First Blood does not feel like an 80’s movie. In this sense I think it can be seen as the last hurrah of 70’s action cinema. But it does have its toes poking into the 80’s door a bit. It is the missing link, so to speak, between 70’s and 80’s action. And rather perfectly so. First Blood is about as sophisticated-arthouse as a meat ‘n’ potatoes action flick can get and still please the Joe Sixpack crowd.
What makes First Blood special is how easily the movie could have turned out really generic or stupid. It is a fist-pumpingly silly idea for a movie — all one-man-army movies are. But the filmmakers had the conviction (surely helped by the fact that Stallone was famous for an award-winning film) to stick with the “message movie” level emotional stuff. The fact that the film climaxes not in Rambo diving away from a bitchin’ explosion, or triumphantly saving some orphans from a teetering bus, or delivering a pun-laden one-liner while killing his antagonist, but with Rambo suffering a complete breakdown and fucking crying through a near-incomprehensible monologue — that is bold. That is crazy!
David Morrell’s novel was a contemplation on pride, using Teasle and Rambo to tell a Melvillian tale of two men who destroy each other in a pointless exorcise in machismo. In order to become a Sly Stallone hero vehicle, the film naturally plays up the Rambo character as our noble protagonist — always making sure to only injure his victims, killing but a single man and doing so defensively and by accident. But the film does maintain a bit of Morrell’s attitude, at least in Teasle. Teasle is a great villain, precisely because he feels increasingly less like a villain as the story progresses. We’re introduced to him as a good guy, leaving the sheriff station, saying “Hello” to those he passes, tossing out friendly teases to some friends.
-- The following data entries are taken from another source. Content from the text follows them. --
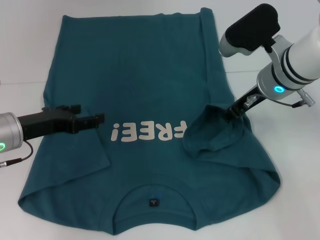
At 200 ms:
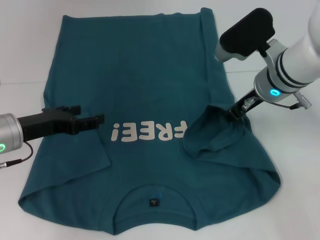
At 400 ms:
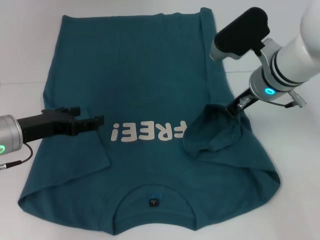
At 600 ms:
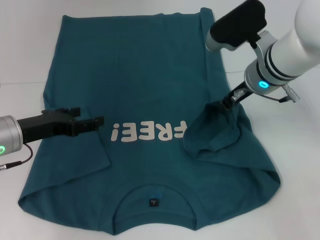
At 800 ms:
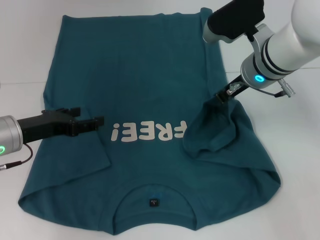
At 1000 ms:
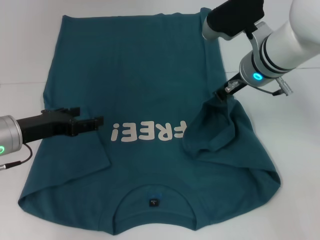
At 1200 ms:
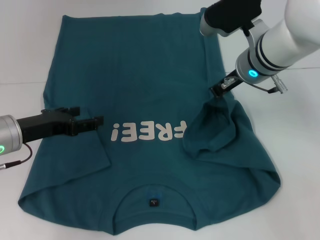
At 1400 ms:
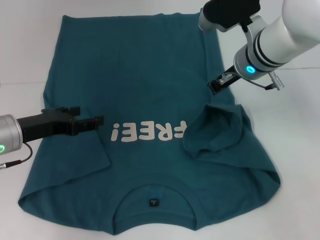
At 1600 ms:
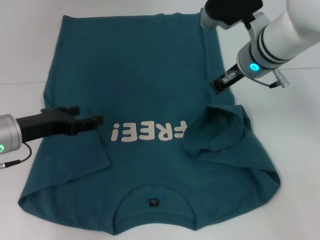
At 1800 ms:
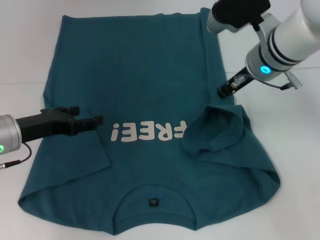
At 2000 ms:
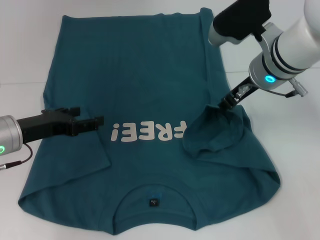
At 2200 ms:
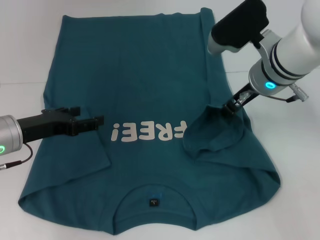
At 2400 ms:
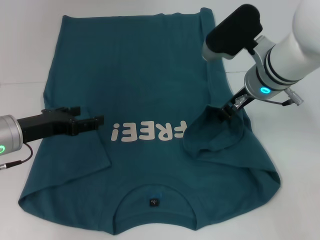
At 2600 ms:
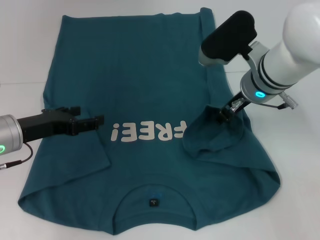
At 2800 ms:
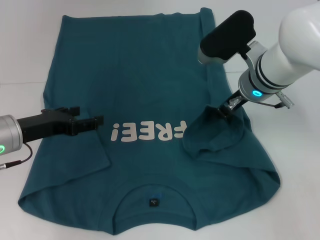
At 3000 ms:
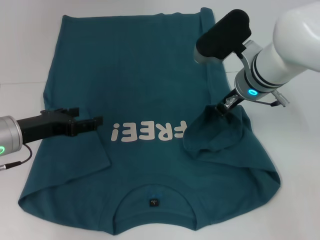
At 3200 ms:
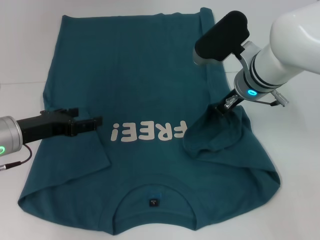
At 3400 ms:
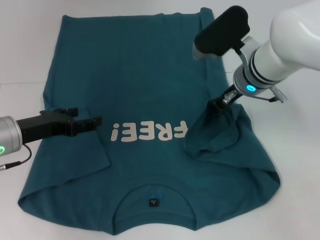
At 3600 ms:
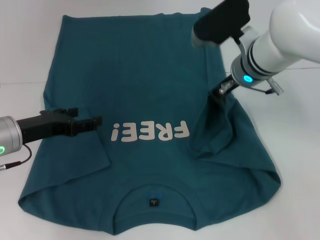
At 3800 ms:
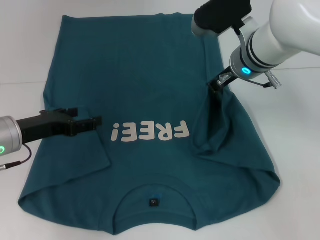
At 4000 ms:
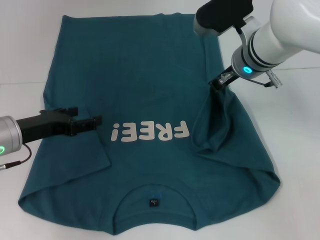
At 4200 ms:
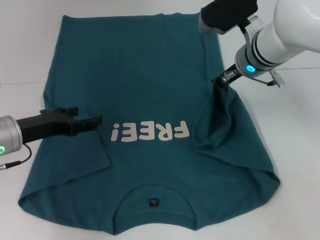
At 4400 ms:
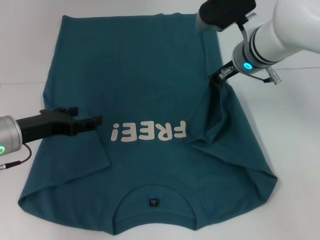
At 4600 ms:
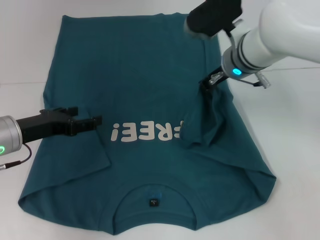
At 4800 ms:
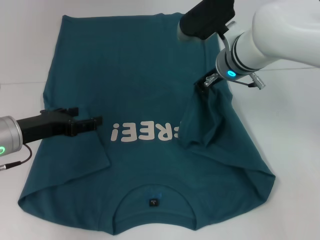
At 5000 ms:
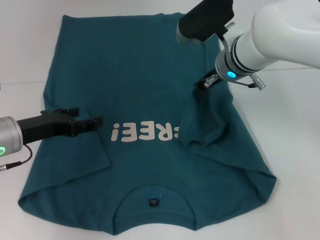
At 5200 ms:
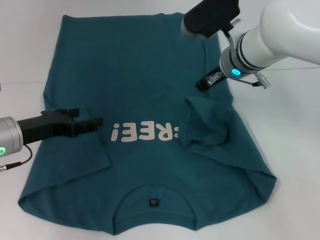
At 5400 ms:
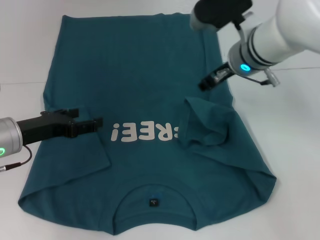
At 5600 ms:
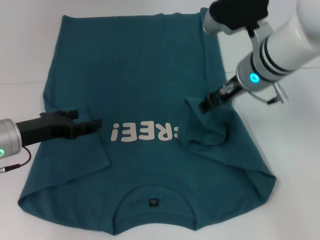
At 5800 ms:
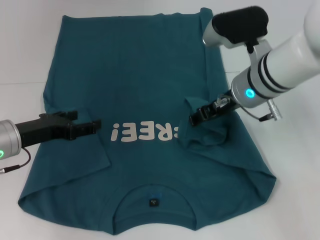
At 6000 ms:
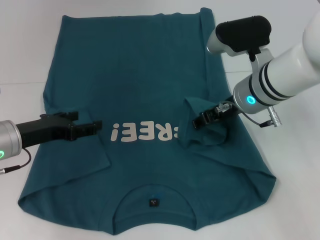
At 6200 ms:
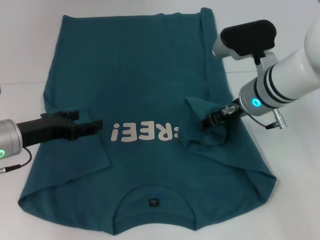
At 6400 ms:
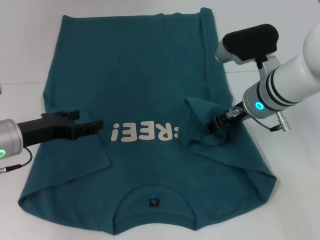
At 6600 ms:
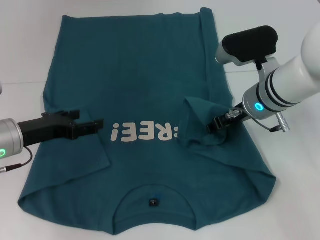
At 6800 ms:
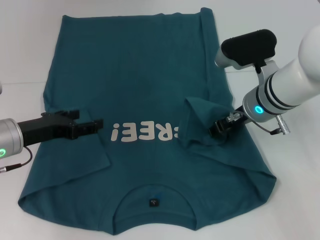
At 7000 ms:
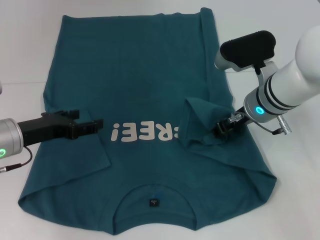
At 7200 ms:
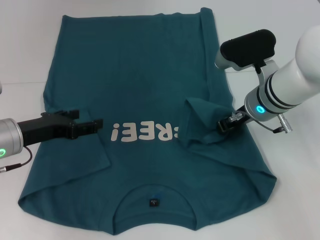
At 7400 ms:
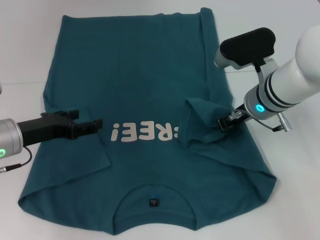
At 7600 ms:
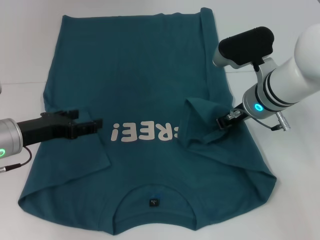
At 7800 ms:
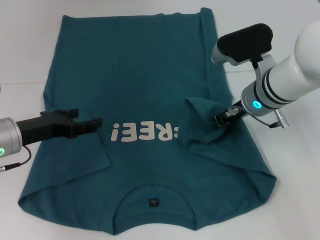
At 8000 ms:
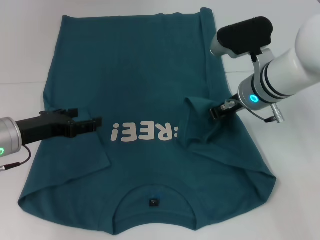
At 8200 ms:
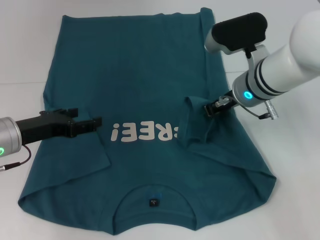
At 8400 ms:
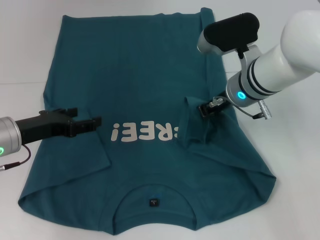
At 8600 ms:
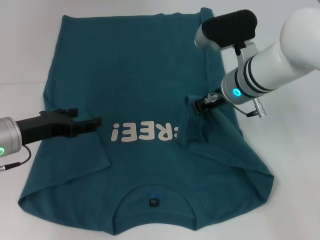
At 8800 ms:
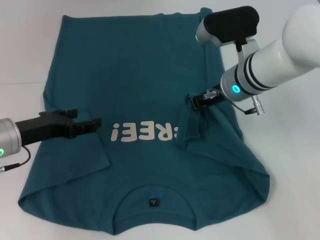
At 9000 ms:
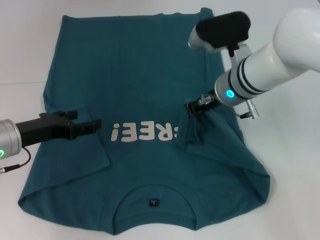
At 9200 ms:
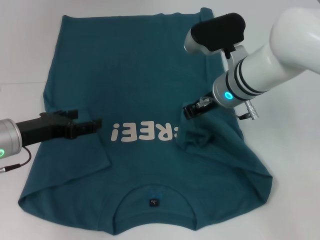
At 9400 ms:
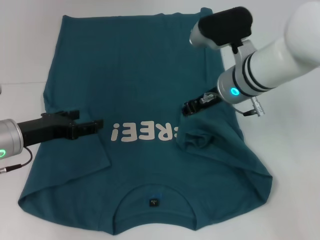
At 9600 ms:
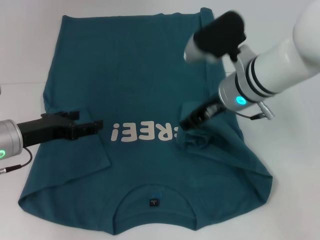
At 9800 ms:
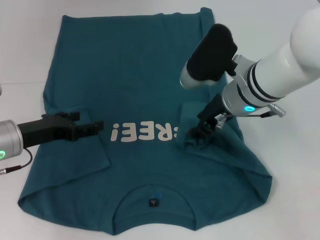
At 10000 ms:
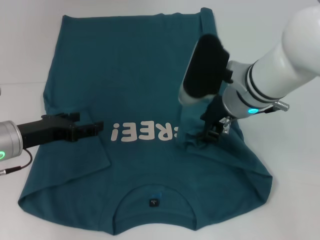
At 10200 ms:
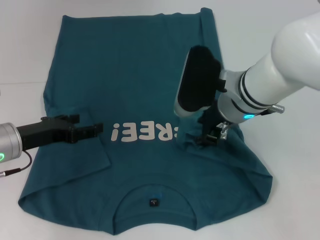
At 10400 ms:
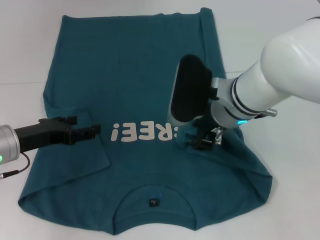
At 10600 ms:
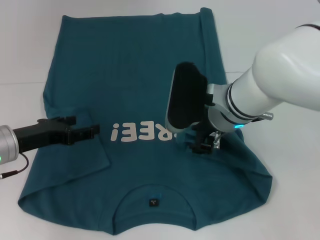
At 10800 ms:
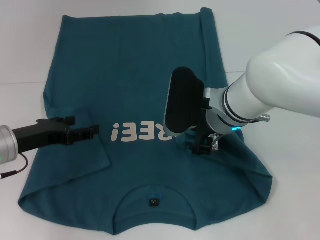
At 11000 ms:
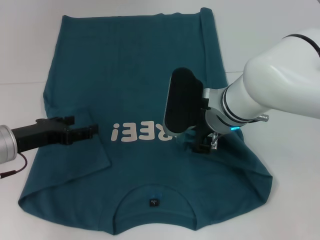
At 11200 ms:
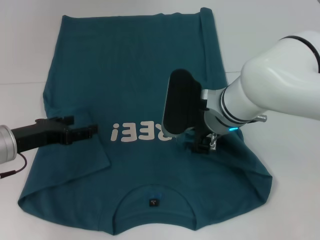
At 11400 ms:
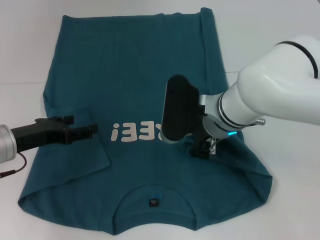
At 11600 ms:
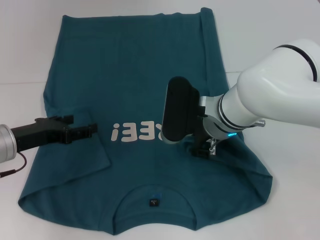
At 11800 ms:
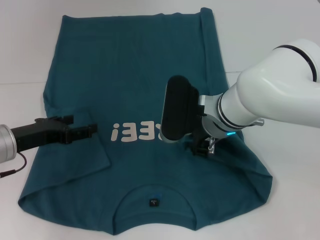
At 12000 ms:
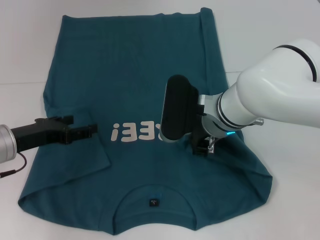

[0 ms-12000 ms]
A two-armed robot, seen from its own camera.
0 ms to 1600 ms: The right gripper closes.
1600 ms to 3000 ms: The right gripper opens.
3000 ms to 4400 ms: The right gripper closes.
4400 ms to 6000 ms: The right gripper is displaced backward by roughly 5 cm, and opens its fingers.
6000 ms to 7600 ms: The right gripper closes.
7600 ms to 9000 ms: The grippers stay close to where they were, moving slightly.
9000 ms to 10400 ms: The right gripper changes place by approximately 5 cm, and opens up.
10400 ms to 12000 ms: There are only small adjustments of the grippers.

Then his xenophobia rears his head and he goes headlong into villaintown. But once Trautman arrives, Teasle starts to seem like a different kind of villain. Trautman always has a smirk on his face. It seems to amuse him witnessing these smalltown rubes getting owned by Rambo. When everyone thinks Rambo is dead, Trautman doesn’t, but keeps his mouth shut for no real reason. When Teasle, in seeming disgust, says to Trautman, “Jesus Christ, where do you people come from?” we can’t help but side with Teasle. If we can forgive Teasle for the narrowmindedness and abuse of power he displays when arresting Rambo in Act I, we can see that he is a guy who actually cares about his job — there is a lot of personal pride wrapped up in that caring, but he is the sheriff, after all. He isn’t trying to apprehend Rambo to cover up a crime or out of some personal beef (Rambo apparently genuinely smells terrible from what we can glean; Teasle’s take-a-bath-hippie posturing isn’t completely off base). He legitimately views Rambo as a menace, eventually as the villain, and only towards the very end does Teasle want to kill Rambo instead of arrest him. We know Teasle is wrong, but he doesn’t. He thinks he is a hero. In fact, only a few tweaks would need to be made to First Blood to make Teasle the hero and Rambo the crazed villain. And that’s cool.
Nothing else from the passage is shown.